> **Exercise instructions**: Restate exactly, and only, the lines from the one with "HFOV 50.0°." through the end of the data, with both of those end lines kept. Drop any pictures.

> **Provided data**:
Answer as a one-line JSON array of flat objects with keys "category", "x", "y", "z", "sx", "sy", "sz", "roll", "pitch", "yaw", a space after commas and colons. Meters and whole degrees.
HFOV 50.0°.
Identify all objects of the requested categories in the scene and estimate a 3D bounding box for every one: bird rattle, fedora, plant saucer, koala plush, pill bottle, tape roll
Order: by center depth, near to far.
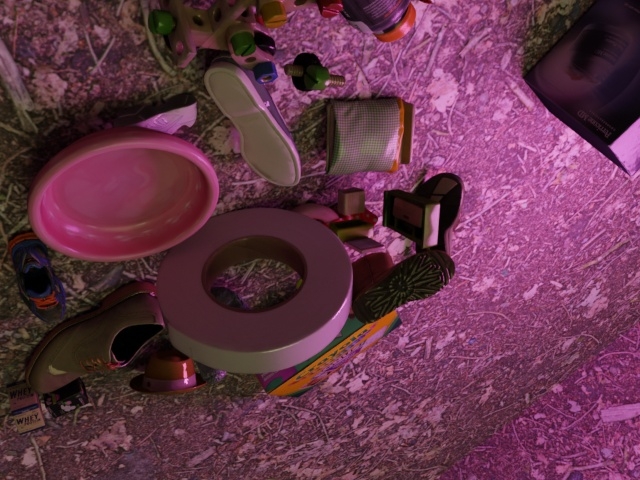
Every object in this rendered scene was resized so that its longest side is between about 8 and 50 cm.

> **Result of the exercise**:
HFOV 50.0°.
Identify all objects of the requested categories in the scene and estimate a 3D bounding box for every one: bird rattle, fedora, plant saucer, koala plush, pill bottle, tape roll
Order: by center depth, near to far.
Every object in this rendered scene was resized so that its longest side is between about 8 and 50 cm.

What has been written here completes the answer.